Exercise description
Please tally the lines below that contain the word "degrees" and reply with the total alone.

Entries supplied
= = = = =
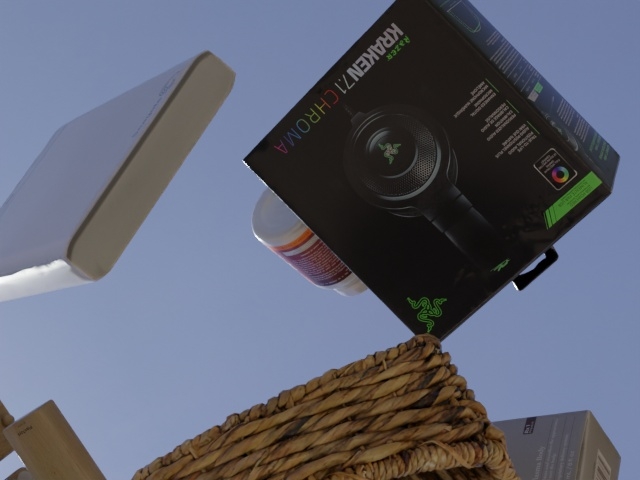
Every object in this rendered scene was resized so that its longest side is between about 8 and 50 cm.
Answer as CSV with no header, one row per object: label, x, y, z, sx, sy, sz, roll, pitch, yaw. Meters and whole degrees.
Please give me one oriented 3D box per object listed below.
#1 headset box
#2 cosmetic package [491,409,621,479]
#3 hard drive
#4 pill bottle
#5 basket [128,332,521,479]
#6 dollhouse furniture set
headset box,0.116,-0.071,1.221,0.283,0.131,0.246,46,-65,-2
cosmetic package,0.204,0.277,1.405,0.107,0.237,0.127,54,-141,-34
hard drive,-0.233,-0.048,1.211,0.047,0.353,0.233,40,-115,-22
pill bottle,0.000,0.000,1.375,0.152,0.086,0.086,41,-105,-42
basket,0.015,0.239,0.985,0.299,0.213,0.223,-24,-111,-9
dollhouse furniture set,-0.262,0.203,1.198,0.144,0.151,0.123,56,-153,-3
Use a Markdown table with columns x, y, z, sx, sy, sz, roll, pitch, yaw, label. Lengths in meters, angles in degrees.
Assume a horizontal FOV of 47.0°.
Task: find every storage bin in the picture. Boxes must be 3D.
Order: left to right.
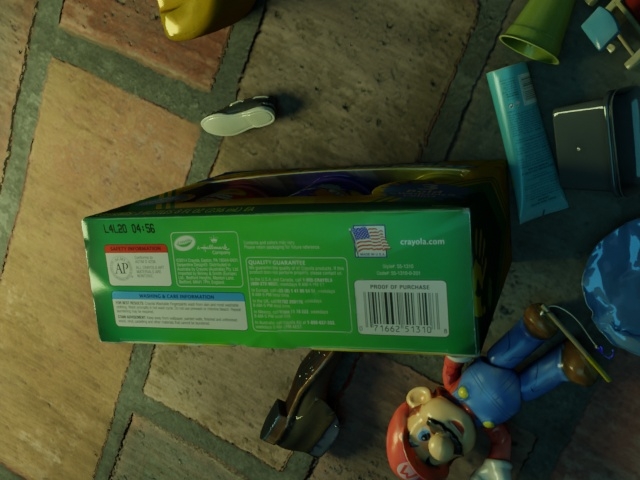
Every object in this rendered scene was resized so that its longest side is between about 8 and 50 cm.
| x | y | z | sx | sy | sz | roll | pitch | yaw | label |
| --- | --- | --- | --- | --- | --- | --- | --- | --- | --- |
| 0.357 | -0.125 | 0.941 | 0.091 | 0.098 | 0.135 | 3 | 107 | 47 | storage bin |

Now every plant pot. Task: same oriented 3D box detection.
| x | y | z | sx | sy | sz | roll | pitch | yaw | label |
| --- | --- | --- | --- | --- | --- | --- | --- | --- | --- |
| 0.283 | -0.277 | 0.935 | 0.083 | 0.083 | 0.079 | 28 | 99 | 11 | plant pot |

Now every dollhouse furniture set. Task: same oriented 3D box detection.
| x | y | z | sx | sy | sz | roll | pitch | yaw | label |
| --- | --- | --- | --- | --- | --- | --- | --- | --- | --- |
| 0.327 | -0.305 | 0.821 | 0.129 | 0.129 | 0.183 | -51 | 50 | 41 | dollhouse furniture set |

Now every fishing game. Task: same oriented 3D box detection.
| x | y | z | sx | sy | sz | roll | pitch | yaw | label |
| --- | --- | --- | --- | --- | --- | --- | --- | --- | --- |
| 0.436 | 0.060 | 0.962 | 0.189 | 0.041 | 0.264 | 44 | 97 | 1 | fishing game |

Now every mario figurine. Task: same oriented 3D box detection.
| x | y | z | sx | sy | sz | roll | pitch | yaw | label |
| --- | --- | --- | --- | --- | --- | --- | --- | --- | --- |
| 0.223 | 0.238 | 1.024 | 0.320 | 0.170 | 0.198 | -43 | 52 | 16 | mario figurine |

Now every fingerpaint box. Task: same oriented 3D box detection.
| x | y | z | sx | sy | sz | roll | pitch | yaw | label |
| --- | --- | --- | --- | --- | --- | --- | --- | --- | --- |
| 0.000 | 0.000 | 0.939 | 0.445 | 0.371 | 0.163 | -1 | 103 | 20 | fingerpaint box |

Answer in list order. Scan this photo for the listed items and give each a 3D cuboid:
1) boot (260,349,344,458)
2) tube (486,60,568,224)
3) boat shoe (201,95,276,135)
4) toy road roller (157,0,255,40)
| x | y | z | sx | sy | sz | roll | pitch | yaw | label |
| --- | --- | --- | --- | --- | --- | --- | --- | --- | --- |
| 0.003 | 0.252 | 1.176 | 0.106 | 0.082 | 0.219 | 30 | 108 | -13 | boot |
| 0.274 | -0.131 | 0.981 | 0.080 | 0.052 | 0.207 | -18 | 97 | -12 | tube |
| -0.123 | -0.192 | 1.116 | 0.125 | 0.038 | 0.046 | -10 | 141 | 27 | boat shoe |
| -0.125 | -0.408 | 0.984 | 0.330 | 0.202 | 0.240 | -3 | 114 | 25 | toy road roller |
= = = = =
Answer space
2